I want to get the gradients of model(neural network).
In tensorflow, there is a ‘tf.gradient’
so the following way is possible.
x = tf.placeholder(shape=[None,1],dtype=tf.float32)
y = tf.placeholder(shape=[None,1],dtype=tf.float32)
inp = tf.concat([x,y],axis=-1)
def network(x):
x = tf.layers.dense(x,128,activation=tf.nn.relu)
x = tf.layers.dense(x,128,activation=tf.nn.relu)
x = tf.layers.dense(x,128,activation=tf.nn.relu)
x = tf.layers.dense(x,128,activation=tf.nn.relu)
x = tf.layers.dense(x,128,activation=tf.nn.relu)
x = tf.layers.dense(x,1)
return x
pred = network(inp)
dfdx,dfdy = tf.gradients(pred,[x,y])
But how to I get similar results with above code using pytorch?
class net(torch.nn.Module):
def __init__(self):
super(net,self).__init__()
self.linear={}
self.wei={}
self.bias={}
self.para=[]
self.linear[0] = torch.nn.Linear(3,128)
self.linear[1] = torch.nn.Linear(128,128)
self.linear[2] = torch.nn.Linear(128,128)
self.linear[3] = torch.nn.Linear(128,128)
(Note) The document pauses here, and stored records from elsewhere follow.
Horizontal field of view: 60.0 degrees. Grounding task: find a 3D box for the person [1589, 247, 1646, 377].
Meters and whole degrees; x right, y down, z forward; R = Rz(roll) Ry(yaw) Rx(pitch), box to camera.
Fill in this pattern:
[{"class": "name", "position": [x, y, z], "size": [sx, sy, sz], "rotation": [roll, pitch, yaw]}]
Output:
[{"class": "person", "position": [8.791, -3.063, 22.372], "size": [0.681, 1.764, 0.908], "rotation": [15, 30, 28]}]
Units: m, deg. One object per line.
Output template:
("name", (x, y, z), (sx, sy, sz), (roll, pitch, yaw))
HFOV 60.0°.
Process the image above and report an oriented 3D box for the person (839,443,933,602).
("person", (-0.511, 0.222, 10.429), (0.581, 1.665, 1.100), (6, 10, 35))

self.linear[4] = torch.nn.Linear(128,1)
def forward(self,x):
for i in range(4):
x=F.elu(self.linear[i](x))
x=self.linear[4](x)
return x
M=net()
for i in range(5):
M.para+=list(M.linear[i].parameters())
L=nn.MSELoss()
opt=torch.optim.Adam(M.para,0.00035)
######################################
X=torch.Tensor(data[:,0:3]) ### 3 dim input
X.requires_grad_(True)
Y=torch.Tensor(data[:,3])
Y=Y.reshape(-1,1)
for epoch in range(10000):
opt.zero_grad()
idx=torch.randint(0,X.shape[0],(24,))
M_dev=torch.autograd.grad(M.forward(X),X,torch.ones_like(M.forward(X))) ????
I tried ‘torch.autograd.grad(M.forward(X),X,torch.ones_like(M.forward(X)))’
but it gives wrong answer…
How I can get like ‘tf.gradient( M.forward(X), X)’ ???